This post will try and pull together some of the data from the different fields listed above and present them in a way that we will hopefully be able to use to derive some meaning from.

More Description Length Discussion

In the previous posts I’ve primarily focused on the length of the description fields.  There are two other fields that I’ve indexed that are related to the length of the description fields.  These two fields include the number of tokens in a description and the average token length of fields.

I’ve included those values below.  I’ve included two mean values, one for all of the descriptions in the dataset (17,884,946 descriptions) and in the other the descriptions that are 1 character in length or more (13,771,105descriptions).

Field Mean – Total Mean – 1+ length desc_length_i 83.321 108.211 token_count_i 13.346 17.333 average_token_length_f 3.866 5.020

The graphs below are based on the numbers of just descriptions that are 1+ length or more.

This first graph is being reused from a previous post that shows the average length of description by Provider/Hub.  David Rumsey and the Getty are the two that average over 250 characters per description.

Average Description Length by Hub

It shouldn’t surprise you that David Ramsey and Getter are two of the Providers/Hubs that have the highest average token counts,  with longer descriptions generally creating more tokens.
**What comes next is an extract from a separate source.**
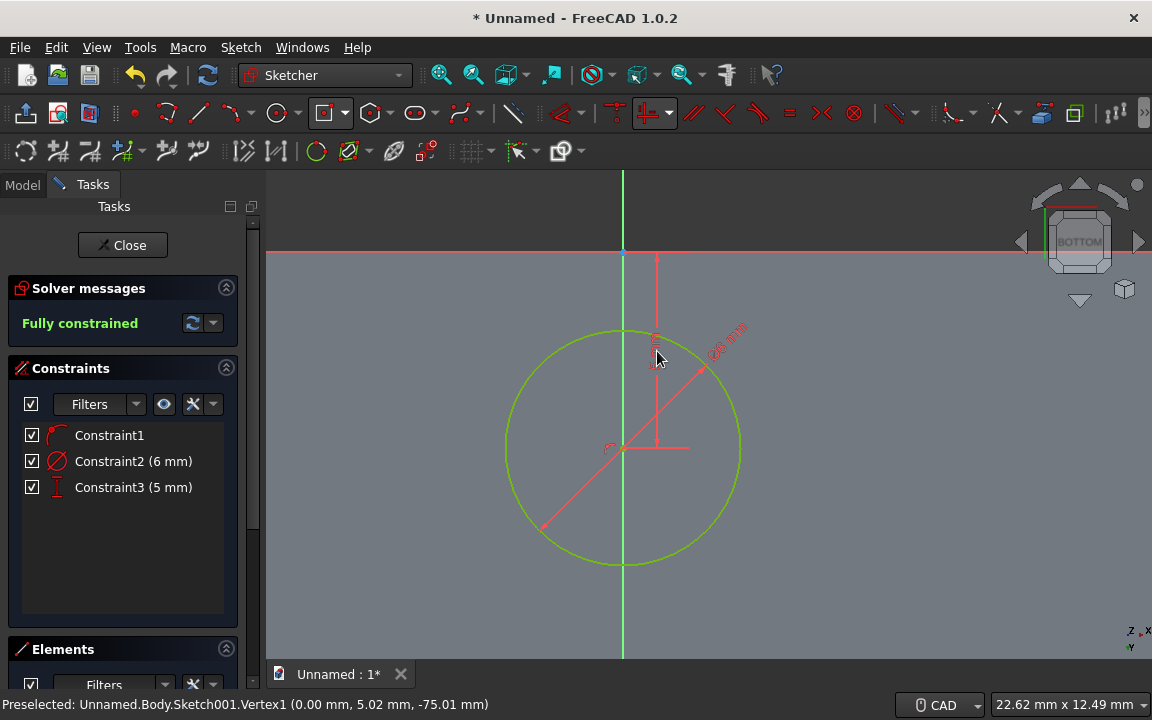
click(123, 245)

There are a few differences that don’t match this though,  USC that has an average of just over 50 characters for the average description length comes in as the third highest in the average token counts at over 40 tokens per description.  There are a few other providers/hubs that look a bit different than their average description length.

Average Token Count by Provider

Below is a graph of the average token lengths by providers.  The lower the number is the lower average length of a token.  The mean for the entire DPLA dataset for descriptions of length 1+ is just over 5 characters.

Average Token Length by Provider

That’s all I have to say about the various statistics related to length for this post.  I swear!. Next we move on to some of the other metrics that I calculated when indexing things.

Other Metrics for the Description Field

Throughout this analysis I had a question of when to take into account that there were millions of records in the dataset that had no description present.  I couldn’t just throw away that fact in the analysis but I didn’t know exactly what to do with them.  So below I present statistics for the average of many of the fields I indexed as both the mean of all of the descriptions and then the mean of just the descriptions that are one or more characters in length.  The graphs that follow the table below are all based on the subset of descriptions that are greater than or equal to one character in length.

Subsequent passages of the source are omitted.